快船 “呜 ——” 地扯着嗓子长鸣,船头跟被抽了一鞭子的烈马似的,猛地掉转方向,朝着东南笔坊一头扎了过去。越往前行,那股怪味儿就越冲鼻子 —— 本该带着松烟香的笔毫气息,全被酸腐的霉味和铁锈腥气给盖了,吸一口嗓子跟被砂纸磨似的,连带着胸腔都发闷。
远远瞅着,笔坊外晒笔的架子歪歪扭扭,跟遭了台风似的。往日雪白蓬松的笔毫,如今蒙着一层灰褐锈斑,风一吹就掉渣,有的笔杆直接裂成了好几截。院子里更乱,笔缸倒了一地,竹制笔架蚀得全是小孔,暗红的锈粉混着笔毛渣子,在地上积成黏糊糊的泥堆。有片碎笔毛飘到船板上,指尖一捻就成了褐色粉末,蹭在手上怎么搓都搓不掉。
金锈侯把雕刻刀揣进怀里,双手捧着砚台,生怕磕着碰着,眉头拧成了疙瘩:“这笔坊是遭了瘟吧?连毛笔都能生锈,比砚坊那回还邪门!没了好笔,乡亲们拿什么蘸墨写字?往后连孩子上学描红都没家伙事儿了!”
老斩从包袱里掏出王叔给的砚石,里面裹着张笔坊地图,主笔仓用红墨水画了个大圈,醒目得很。抬头一看,笔仓外头围了不少笔农,有的蹲在碎笔堆前唉声叹气,有的攥着断成两截的毛笔发呆,连扎笔的麻线都扔在地上。“快!再磨蹭笔料和工具全得废!” 他冲周师傅喊了一嗓子,船刚靠岸,就听见 “哗啦” 一声,像是笔架塌了,老斩拔腿就往笔坊跑。
推开门,主笔仓里的景象看得人心里发紧。笔架东倒西歪,挂着的毛笔不是锈成了褐色,就是笔毫掉得只剩笔杆;几捆待加工的羊毛、狼毫散在地上,沾着锈粉结成了团,连木头笔架都被染成了铁锈色;几个笔农瘫坐在门槛上,手里拿着断了尖的制笔刀,脸上全是绝望。
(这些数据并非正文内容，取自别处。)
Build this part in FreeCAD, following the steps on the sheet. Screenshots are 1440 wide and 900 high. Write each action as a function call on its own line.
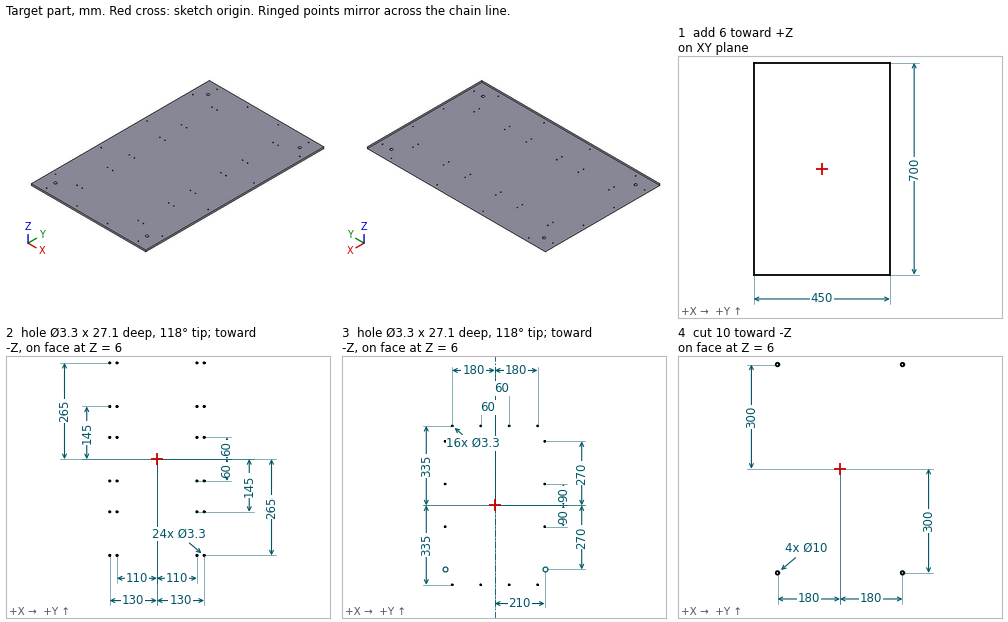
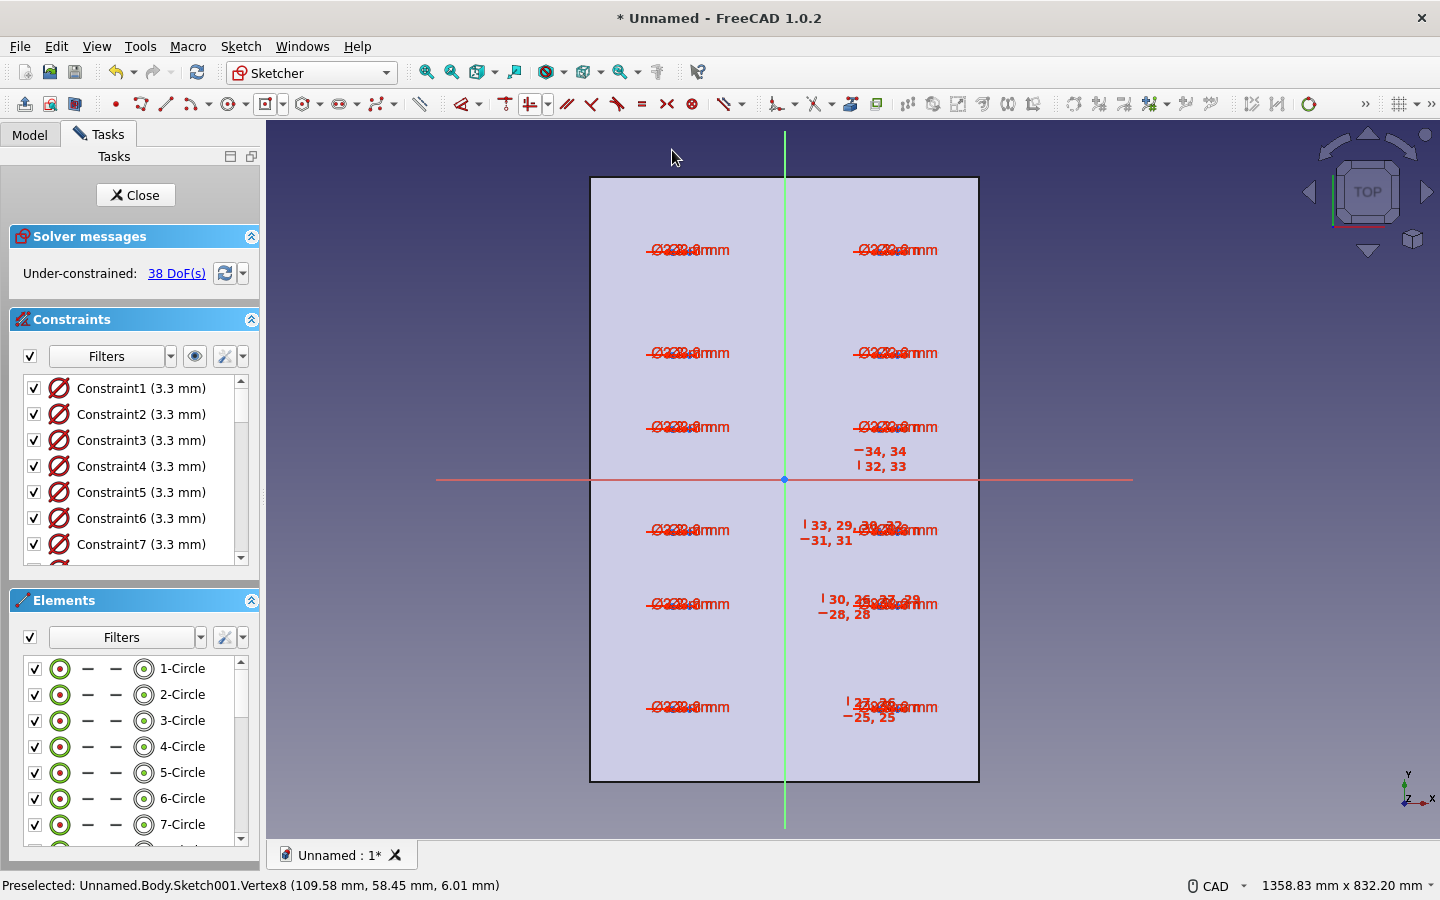
click(879, 709)

有个笔农的手缠着绷带,渗出来的血混着锈水,把绷带染成了暗红,看着就让人心疼。
“你们是解锈侠吧?快救救我们!” 一个满脸灰的笔农扑过来,衣服上沾着的笔毛渣子簌簌掉,举着支锈迹斑斑的毛笔喊,“这笔腐蚀锈三天前突然冒出来,一夜之间,好端端的笔全废了!又脆又硬,写不了俩字就断。李叔说去老笔窖找护笔珠能救急,进去就没出来……”
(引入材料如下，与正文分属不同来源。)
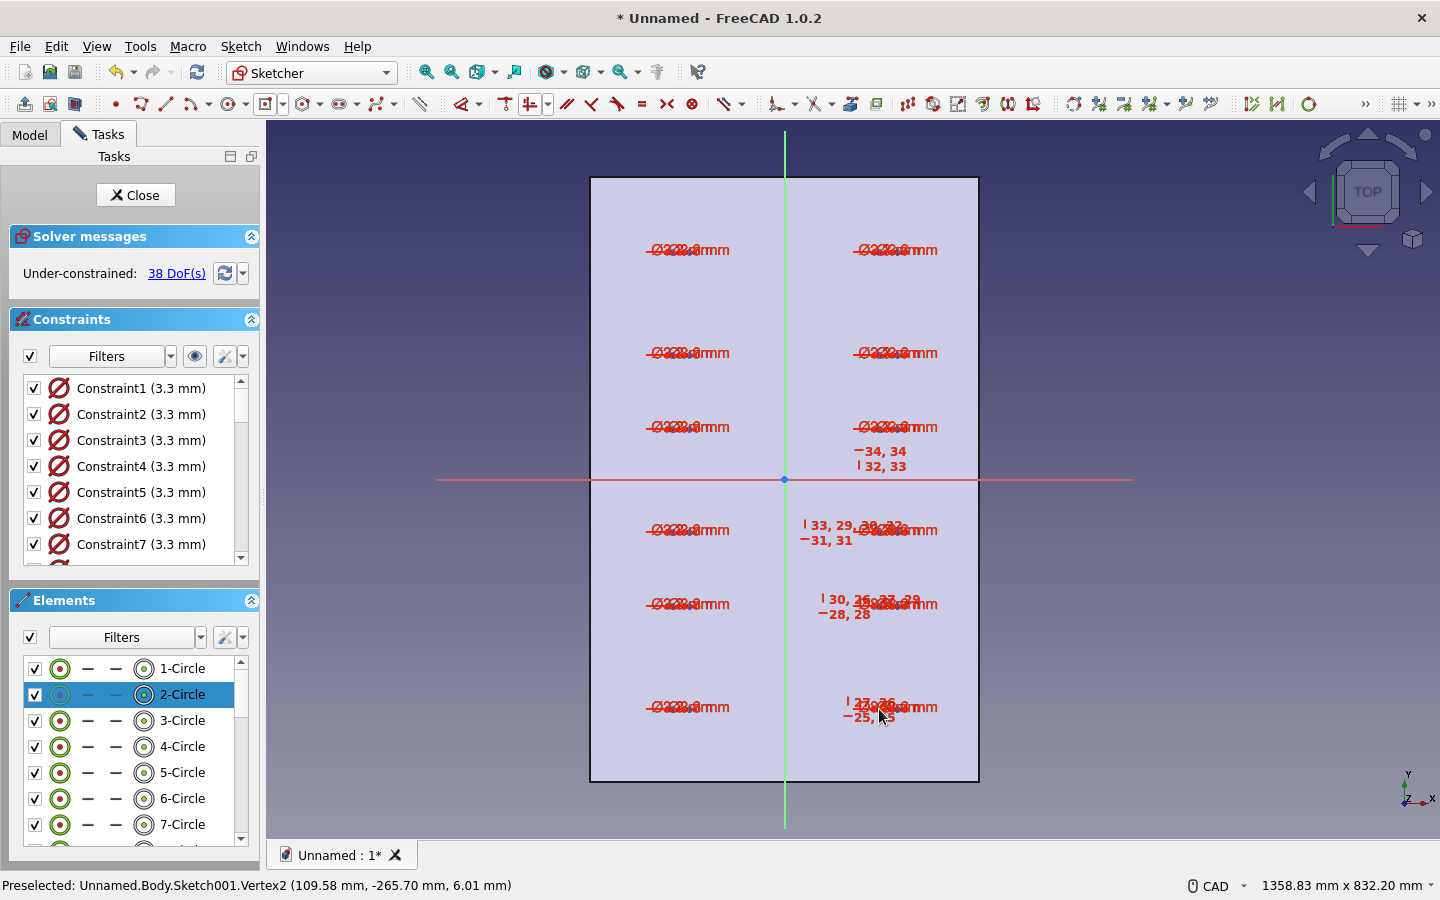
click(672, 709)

小芽掏出护海珠,刚凑到毛笔跟前,蓝光 “唰” 地就变成了暗褐色,锈粉跟粘了胶似的,牢牢粘在珠子上,擦了好几下都没擦掉。“这锈毒太顽固了!连软乎乎的笔毫都能腐蚀,怕是连储存的毛料都毁了!” 她倒了点灵泉水在笔毫上,水一沾上去就冒泡泡,笔毫瞬间就软塌塌地烂成了泥,“这锈毒遇水更厉害,千万别让它碰着好毛料!”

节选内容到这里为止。